I’m deliberately doing this slowly. What are the interesting bits that you think I am glossing over?
I dissagree with the first post. The pace is excellent for those of us not deep into xml and odf.
I’m a fan of Bob’s LARGE-TYPE writing style (and not only because I read at the 8th grade level.
What I noticed leading Marketing Project for OpenOffice was that the population of Newbies is always renewing itself. With ODF we’re presently somewhere on the left side of the Early-Adopter section of the Rogers (Everett) Diffusion of Innovations curve. That’s, what, 5% done and 95% left to go…if that?

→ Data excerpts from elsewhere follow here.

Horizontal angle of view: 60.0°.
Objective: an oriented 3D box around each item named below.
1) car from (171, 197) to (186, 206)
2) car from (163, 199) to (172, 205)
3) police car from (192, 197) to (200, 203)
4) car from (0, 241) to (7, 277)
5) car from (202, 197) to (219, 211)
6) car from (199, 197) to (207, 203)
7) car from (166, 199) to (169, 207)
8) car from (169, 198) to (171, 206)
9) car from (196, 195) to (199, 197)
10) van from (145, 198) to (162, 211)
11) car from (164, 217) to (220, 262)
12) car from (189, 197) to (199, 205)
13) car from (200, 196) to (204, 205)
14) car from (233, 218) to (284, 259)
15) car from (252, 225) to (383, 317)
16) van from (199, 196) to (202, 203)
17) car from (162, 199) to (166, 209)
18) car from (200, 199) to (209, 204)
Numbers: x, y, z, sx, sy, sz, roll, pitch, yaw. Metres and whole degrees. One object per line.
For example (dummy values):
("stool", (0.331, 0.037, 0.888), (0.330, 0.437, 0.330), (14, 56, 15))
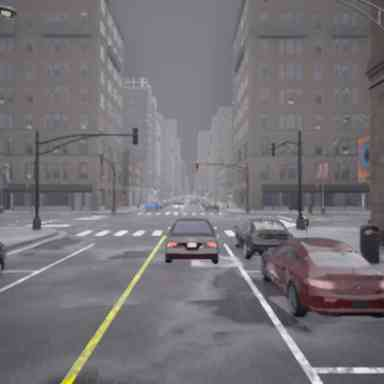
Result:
("car", (-2.758, 2.216, 70.296), (1.994, 1.385, 4.181), (0, -1, 0))
("car", (-5.593, 2.239, 75.774), (1.752, 1.417, 4.829), (0, -1, 0))
("police car", (1.141, 2.301, 93.666), (1.930, 1.638, 5.238), (0, -1, -1))
("car", (-5.859, 1.620, 7.321), (2.008, 1.369, 4.403), (0, -1, 0))
("car", (2.809, 1.889, 47.569), (1.967, 1.590, 4.097), (0, -1, 0))
("car", (3.009, 2.310, 92.921), (1.967, 1.590, 4.097), (0, -1, 0))
("car", (-5.667, 2.123, 58.940), (1.947, 1.339, 4.313), (0, -1, 0))
("car", (-5.642, 2.192, 64.608), (1.802, 1.307, 4.206), (0, -1, 0))
("car", (0.316, 2.110, 87.144), (1.882, 1.535, 5.008), (0, -1, 0))
("van", (-5.717, 1.790, 47.606), (1.690, 1.788, 3.998), (0, -1, 0))
("car", (0.011, 1.666, 12.524), (2.033, 1.411, 5.357), (0, -1, 0))
("car", (0.272, 2.313, 77.168), (1.895, 1.301, 4.718), (0, -1, 0))
("car", (2.859, 1.997, 58.907), (1.967, 1.590, 4.097), (0, -1, 0))
("car", (2.667, 1.673, 12.920), (2.008, 1.369, 4.403), (0, -1, 0))
("car", (2.667, 1.652, 7.326), (1.802, 1.307, 4.206), (0, -1, 0))
("van", (2.908, 2.004, 70.246), (1.690, 1.788, 3.998), (0, -1, 0))
("car", (-5.692, 1.943, 53.273), (1.967, 1.590, 4.097), (0, -1, 0))
("car", (2.959, 2.318, 81.582), (2.008, 1.369, 4.403), (0, -1, 0))

Bob’s audience is the 95% — some of whom are internal at IBM, who even read above the 8th grade level ;-) — and the 95% together are by far the more important segment of the general population to ODF because they aren’t yet informed enough to act in their local circumstance. These are not people who particularly care about the arcana of file format standards consortia or the latest cool Python script.
If one is able to read Bob’s code, then one could use Google, too, and learn enough about ODF to drown Godzilla in the Sea of Japan even before the little plastic Mitsubishi Zeros come strafing in…that is, to be explicit, quickly.